43 Luister nu naar mij, mijn jongen. Maak u gereed, om naar mijn broer Laban in Charan te vluchten,
Ahora, pues, hijo mío, oye mi voz: levántate y huye a Harán, a casa de mi hermano Labán;
44 en blijf enige tijd bij hem, totdat de woede van uw broer is bekoeld.
y estarás con él algún tiempo, hasta que se apacigüe la cólera de tu hermano;
45 Wanneer de toorn van uw broer over u is bedaard, en hij vergeten is, wat ge hem hebt gedaan, zal ik bericht zenden en u terug laten halen. Waarom zou ik u beiden op één dag verliezen!

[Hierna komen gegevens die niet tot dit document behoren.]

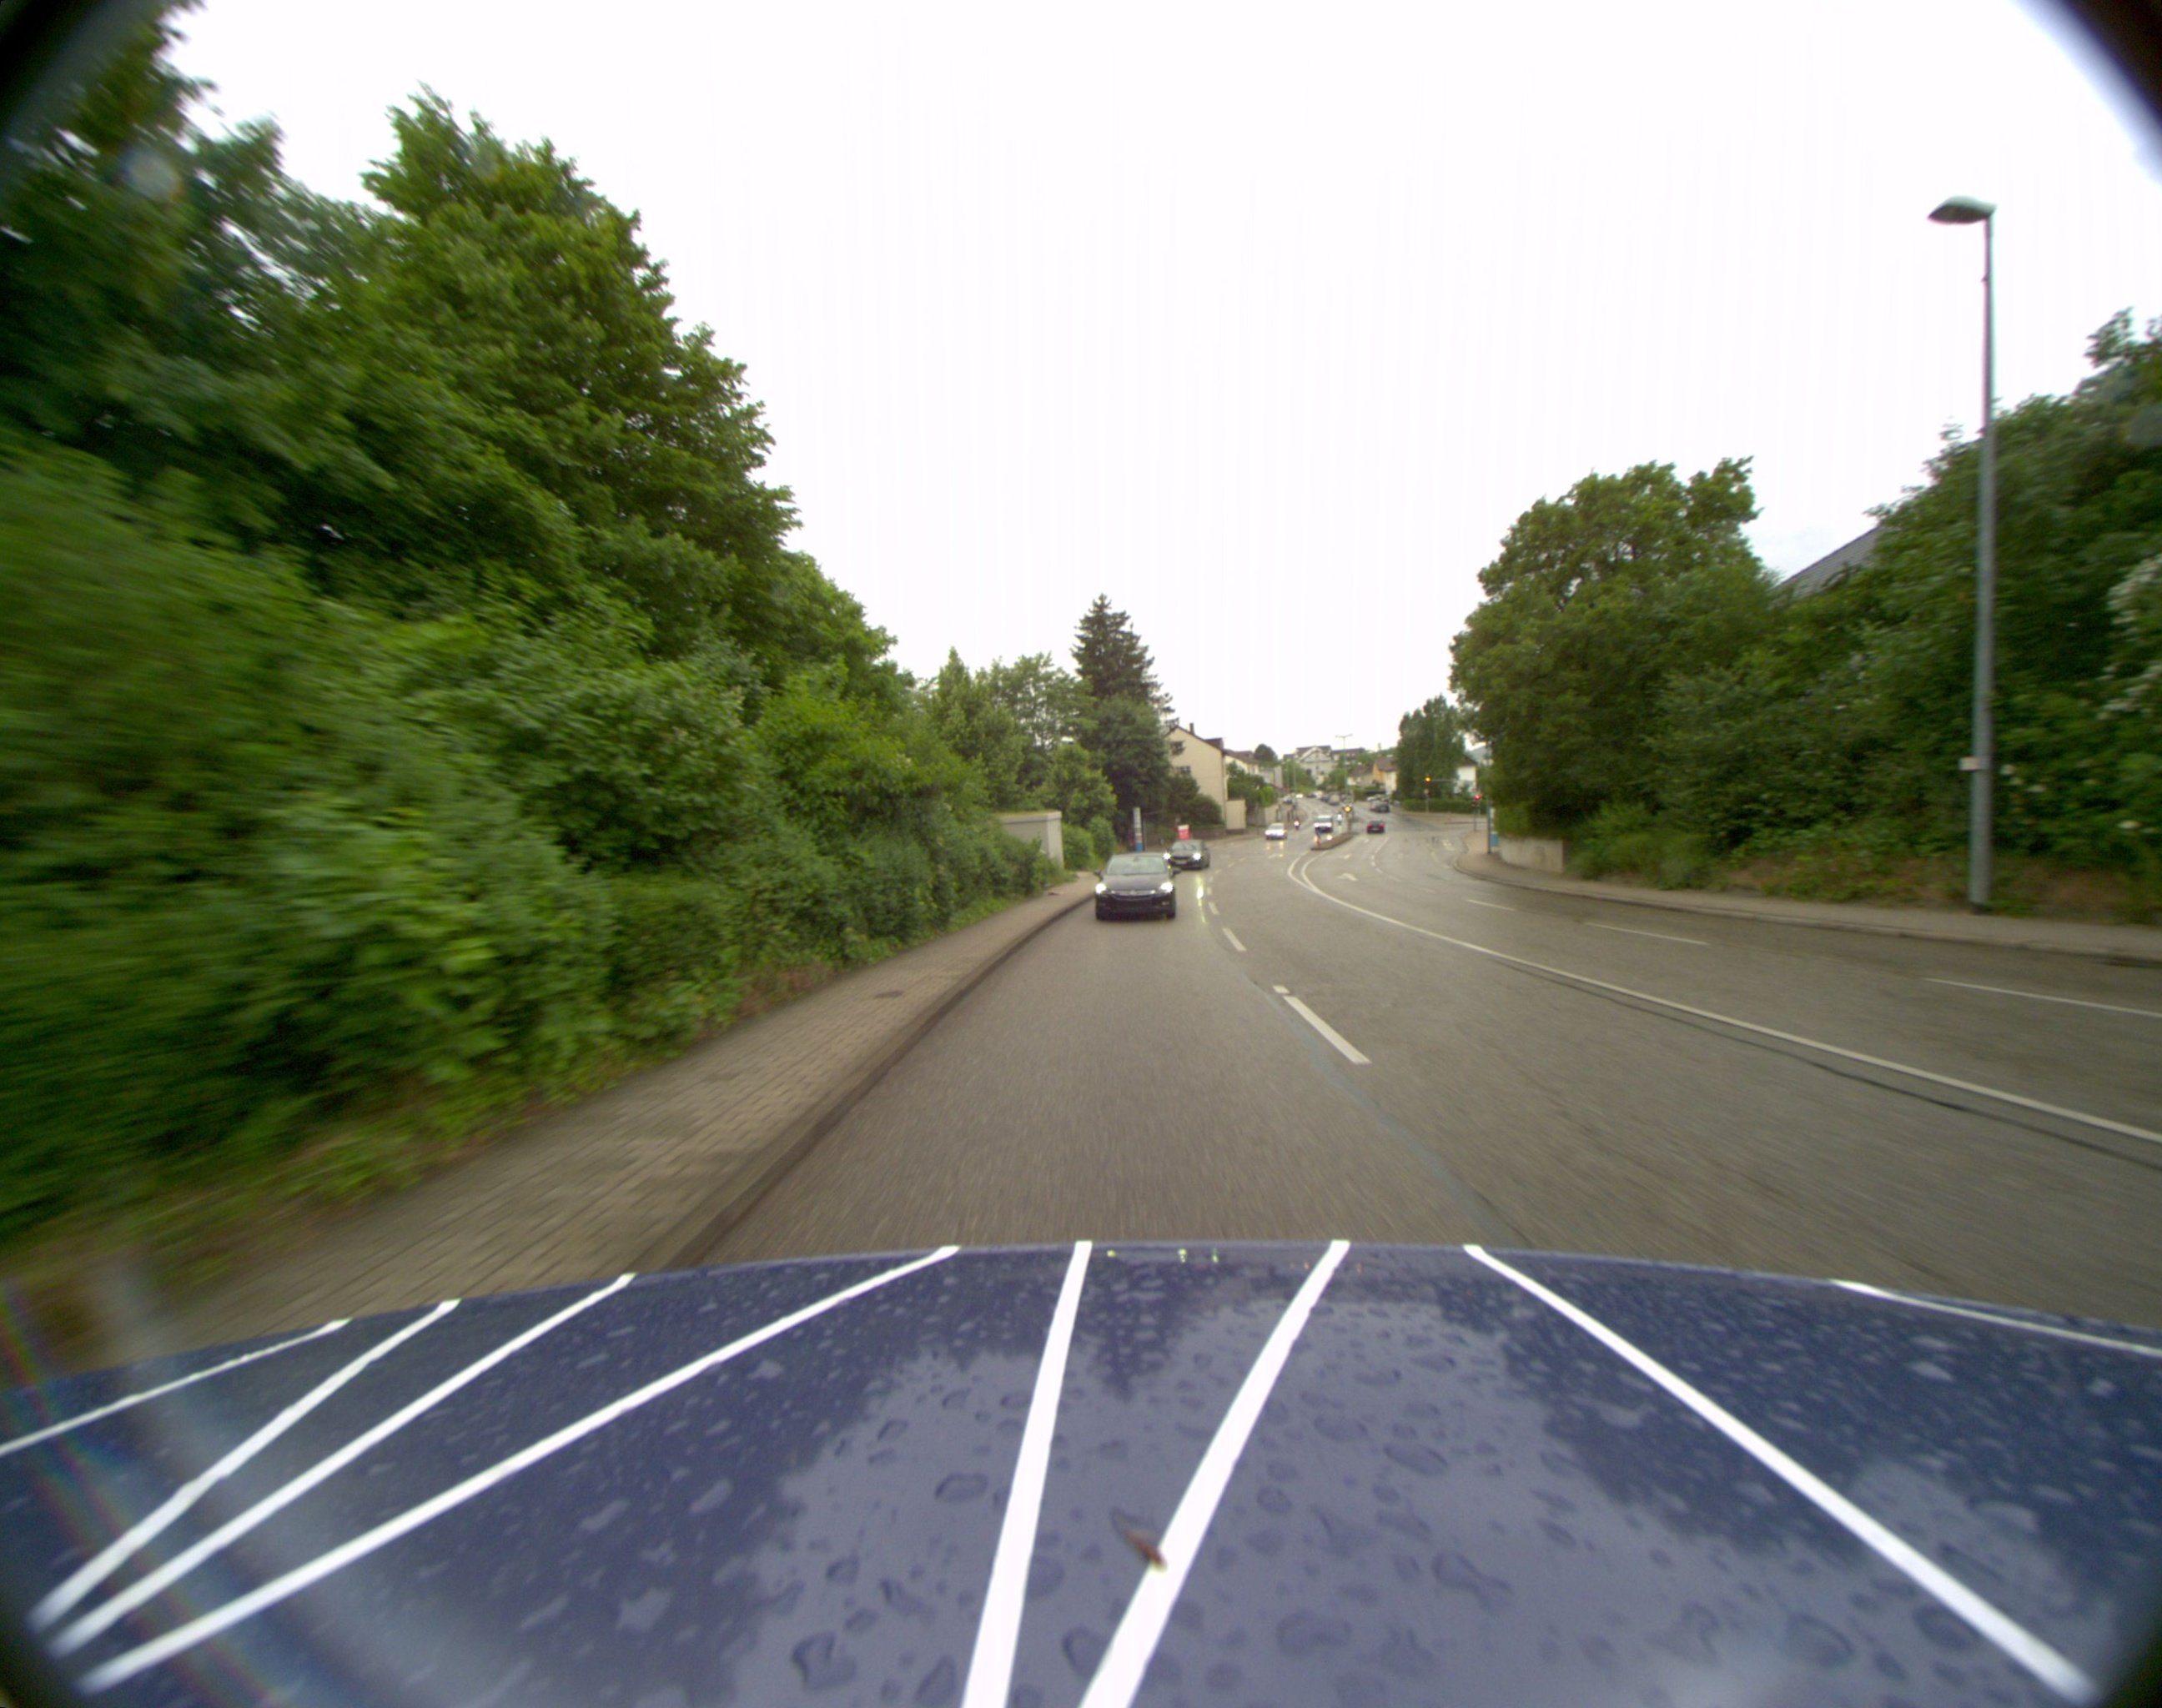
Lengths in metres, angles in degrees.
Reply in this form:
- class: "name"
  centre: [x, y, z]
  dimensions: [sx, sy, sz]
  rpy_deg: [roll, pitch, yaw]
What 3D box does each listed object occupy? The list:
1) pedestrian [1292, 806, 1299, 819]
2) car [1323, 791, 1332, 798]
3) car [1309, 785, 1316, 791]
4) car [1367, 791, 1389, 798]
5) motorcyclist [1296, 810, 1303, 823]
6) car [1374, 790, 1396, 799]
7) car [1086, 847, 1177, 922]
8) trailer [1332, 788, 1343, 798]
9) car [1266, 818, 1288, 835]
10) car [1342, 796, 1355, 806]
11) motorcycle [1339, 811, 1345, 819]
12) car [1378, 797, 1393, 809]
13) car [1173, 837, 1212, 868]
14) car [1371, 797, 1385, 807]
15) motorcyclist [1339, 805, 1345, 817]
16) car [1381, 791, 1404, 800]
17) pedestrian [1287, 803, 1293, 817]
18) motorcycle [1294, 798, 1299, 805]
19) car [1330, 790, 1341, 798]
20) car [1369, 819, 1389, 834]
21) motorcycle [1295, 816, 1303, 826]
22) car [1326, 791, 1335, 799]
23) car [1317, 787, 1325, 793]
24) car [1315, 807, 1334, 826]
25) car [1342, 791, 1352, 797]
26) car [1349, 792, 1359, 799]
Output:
- class: "pedestrian"
  centre: [31.438, -6.073, 111.365]
  dimensions: [0.794, 1.772, 1.012]
  rpy_deg: [1, 7, 21]
- class: "car"
  centre: [61.630, -14.941, 190.063]
  dimensions: [1.996, 1.566, 4.000]
  rpy_deg: [-1, 6, 16]
- class: "car"
  centre: [67.351, -19.071, 220.717]
  dimensions: [1.714, 1.495, 4.000]
  rpy_deg: [-2, 6, 14]
- class: "car"
  centre: [65.461, -13.114, 167.581]
  dimensions: [4.106, 1.477, 1.840]
  rpy_deg: [2, 5, 7]
- class: "motorcyclist"
  centre: [27.206, -4.656, 94.683]
  dimensions: [0.760, 1.595, 0.808]
  rpy_deg: [-1, 7, 21]
- class: "car"
  centre: [64.640, -12.697, 161.691]
  dimensions: [4.105, 1.413, 1.884]
  rpy_deg: [-3, 5, 15]
- class: "car"
  centre: [1.210, 0.621, 17.673]
  dimensions: [1.840, 1.390, 4.000]
  rpy_deg: [-2, 2, 5]
- class: "trailer"
  centre: [54.864, -13.047, 162.646]
  dimensions: [1.898, 2.168, 4.037]
  rpy_deg: [-1, 5, 15]
- class: "car"
  centre: [19.638, -2.748, 75.924]
  dimensions: [1.838, 1.474, 4.002]
  rpy_deg: [-1, 5, 19]
- class: "car"
  centre: [50.616, -10.073, 143.811]
  dimensions: [1.826, 1.649, 4.466]
  rpy_deg: [-1, 5, 13]
- class: "motorcycle"
  centre: [35.127, -5.267, 102.172]
  dimensions: [0.762, 0.948, 2.443]
  rpy_deg: [-1, 6, 20]
- class: "car"
  centre: [50.458, -8.451, 125.947]
  dimensions: [1.807, 1.661, 4.598]
  rpy_deg: [-1, 6, 15]
- class: "car"
  centre: [5.762, -0.113, 39.068]
  dimensions: [1.839, 1.449, 4.002]
  rpy_deg: [-1, 2, 10]
- class: "car"
  centre: [51.708, -9.076, 132.324]
  dimensions: [1.807, 1.561, 4.143]
  rpy_deg: [-1, 6, 15]
- class: "motorcyclist"
  centre: [35.033, -5.780, 101.974]
  dimensions: [0.760, 1.595, 0.808]
  rpy_deg: [-1, 7, 21]
- class: "car"
  centre: [62.271, -11.768, 151.925]
  dimensions: [3.993, 1.413, 1.884]
  rpy_deg: [-4, 5, 15]
- class: "pedestrian"
  centre: [30.297, -6.418, 110.235]
  dimensions: [0.798, 2.004, 0.734]
  rpy_deg: [-1, 6, 21]
- class: "motorcycle"
  centre: [42.896, -10.491, 151.352]
  dimensions: [0.693, 1.318, 2.479]
  rpy_deg: [-1, 6, 13]
- class: "car"
  centre: [55.910, -13.155, 166.794]
  dimensions: [1.902, 1.674, 4.481]
  rpy_deg: [-1, 4, 15]
- class: "car"
  centre: [31.947, -2.977, 81.486]
  dimensions: [1.894, 1.479, 4.238]
  rpy_deg: [0, 4, 21]
- class: "motorcycle"
  centre: [27.181, -4.114, 94.653]
  dimensions: [0.762, 0.948, 2.443]
  rpy_deg: [-1, 6, 20]
- class: "car"
  centre: [58.444, -13.843, 177.976]
  dimensions: [1.843, 1.544, 4.385]
  rpy_deg: [-1, 6, 15]
- class: "car"
  centre: [64.561, -17.248, 204.419]
  dimensions: [1.838, 1.549, 4.770]
  rpy_deg: [-1, 6, 14]
- class: "car"
  centre: [27.943, -4.292, 87.117]
  dimensions: [1.953, 1.862, 4.747]
  rpy_deg: [-1, 6, 18]
- class: "car"
  centre: [62.331, -14.058, 178.018]
  dimensions: [1.807, 1.409, 3.999]
  rpy_deg: [-1, 6, 11]
- class: "car"
  centre: [61.964, -13.314, 172.352]
  dimensions: [1.807, 1.409, 4.000]
  rpy_deg: [-1, 6, 15]

hasta que la ira de tu hermano se aparte de ti, y él se olvide de lo que le has hecho. Yo entonces enviaré por ti y te traeré de allá. ¿Por qué he de quedar privada de vosotros dos en un mismo día?
46 Toen zei Rebekka tot Isaäk: Het leven walgt me al om de dochters van Chet. Als nu ook Jakob een vrouw neemt uit de meisjes van het land, wat heb ik dan aan mijn leven?
Y dijo Rebeca a Isaac: “Me da fastidio el vivir, a causa de las hijas de Het. Si Jacob toma mujer de las hijas de Het, como estas, de las hijas de este país, ¿para qué seguir viviendo?”